Here’s a sense of “x should know that s”: x has some relevant role R and it is normal for those in R to know that s under the relevant circumstances. In that sense, to say that x should know that s we don’t need to know anything specific about x’s history or mental state, other than that x has role R. Rather, we need to know about R: it is normal engineering practice to build in sufficient redundancy; librarians have an unwritten code of professional behavior; human beings normally have a moral law written in their hearts.

This role-based sense of “should know” is enough to justify treating x as a poor exemplar of the role R when x does not in fact know that s. When R is a contingent role, like engineer or librarian, it could be a sufficient for drumming x out of R.

But we sometimes seem use a “should know” claim to underwrite moral blame. And the normative story I just gave about “should know” isn’t strong enough for that. Alice might have had a really poor education as an engineer, and couldn’t have known better. If the education was sufficiently poor, we might kick her out of the profession, but we shouldn’t blame her morally.

Carl, of course, is a case apart. Carl’s ignorance makes him a defective human being, not just a defective engineer or librarian. Still a defective human being is not the same as a morally blameworthy human being. And in Carl’s case we can’t drum him out of the relevant role without being able to levy moral blame on him, as drumming him out of humanity is, presumably, capital punishment. However, we can lock him up for the protection of society.

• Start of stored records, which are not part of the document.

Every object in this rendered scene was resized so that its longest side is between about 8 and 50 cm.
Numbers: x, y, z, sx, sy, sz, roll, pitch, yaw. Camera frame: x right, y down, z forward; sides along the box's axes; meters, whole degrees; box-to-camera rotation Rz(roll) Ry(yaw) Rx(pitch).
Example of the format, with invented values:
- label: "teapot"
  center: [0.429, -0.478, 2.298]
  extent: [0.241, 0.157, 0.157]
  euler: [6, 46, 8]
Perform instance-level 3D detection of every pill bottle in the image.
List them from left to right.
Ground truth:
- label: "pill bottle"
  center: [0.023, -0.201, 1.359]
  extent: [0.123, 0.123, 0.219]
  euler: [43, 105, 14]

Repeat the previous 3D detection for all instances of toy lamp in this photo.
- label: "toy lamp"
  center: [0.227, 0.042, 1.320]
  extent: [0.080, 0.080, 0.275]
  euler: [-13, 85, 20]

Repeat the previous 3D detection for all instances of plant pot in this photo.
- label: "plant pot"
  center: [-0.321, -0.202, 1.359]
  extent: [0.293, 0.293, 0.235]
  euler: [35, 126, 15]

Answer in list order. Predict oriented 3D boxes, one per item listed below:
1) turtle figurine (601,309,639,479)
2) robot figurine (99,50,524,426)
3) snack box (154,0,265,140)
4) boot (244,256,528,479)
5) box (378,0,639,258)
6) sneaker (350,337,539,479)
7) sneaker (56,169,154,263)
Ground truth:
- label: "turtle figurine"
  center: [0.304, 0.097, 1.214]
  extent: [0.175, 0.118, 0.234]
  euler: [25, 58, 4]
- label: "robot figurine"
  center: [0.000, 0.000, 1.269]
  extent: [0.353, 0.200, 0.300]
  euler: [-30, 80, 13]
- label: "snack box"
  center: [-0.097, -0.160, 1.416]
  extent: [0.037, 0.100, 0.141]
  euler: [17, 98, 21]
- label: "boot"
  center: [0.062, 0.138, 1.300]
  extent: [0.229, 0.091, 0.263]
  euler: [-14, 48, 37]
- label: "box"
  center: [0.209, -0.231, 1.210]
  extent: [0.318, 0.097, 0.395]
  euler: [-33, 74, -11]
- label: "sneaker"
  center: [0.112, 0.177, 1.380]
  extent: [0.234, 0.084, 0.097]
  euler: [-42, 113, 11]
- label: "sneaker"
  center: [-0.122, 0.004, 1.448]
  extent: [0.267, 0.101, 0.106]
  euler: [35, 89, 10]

On the other hand, we could take “x should know that s” as saying something about x’s state, like that it is x’s own fault if x doesn’t know. But in that case, I think people often use the phrase without sufficient justification. Yes, it’s normal to know that genocide is wrong. But we live in a fallen world where people can fall very far short of what is normal through no fault of their own, by virtue of physical and mental disease, the intellectual influence of others, and so on.

I worry that in common use the phrase “x should know that s” has two rationally incompatible features:

  • Our evidence only fits with the role-based normative reading.

  • The conclusions only fit with the personal fault reading.

Monday, September 14, 2015

No one can make you freely do a serious wrong

I've just been struck by the obviousness of this principle: It would be unjust for you to be punished for something that someone else made you do.

But it wouldn't be unjust for you to be punished for freely doing something seriously morally wrong. Hence, it is impossible for someone to make you freely do something seriously morally wrong. But if compatibilism is true, then it is possible for someone to make one freely do something seriously wrong: a powerful being could produce a state of the universe long before one's conception that determines one to do that wrong. (In principle a compatibilist could insist--as Ayer did--that it takes away one's freedom when an agent determines one to act a certain way. But this cannot be maintained. Whether I'm free shouldn't depend on ancient history.)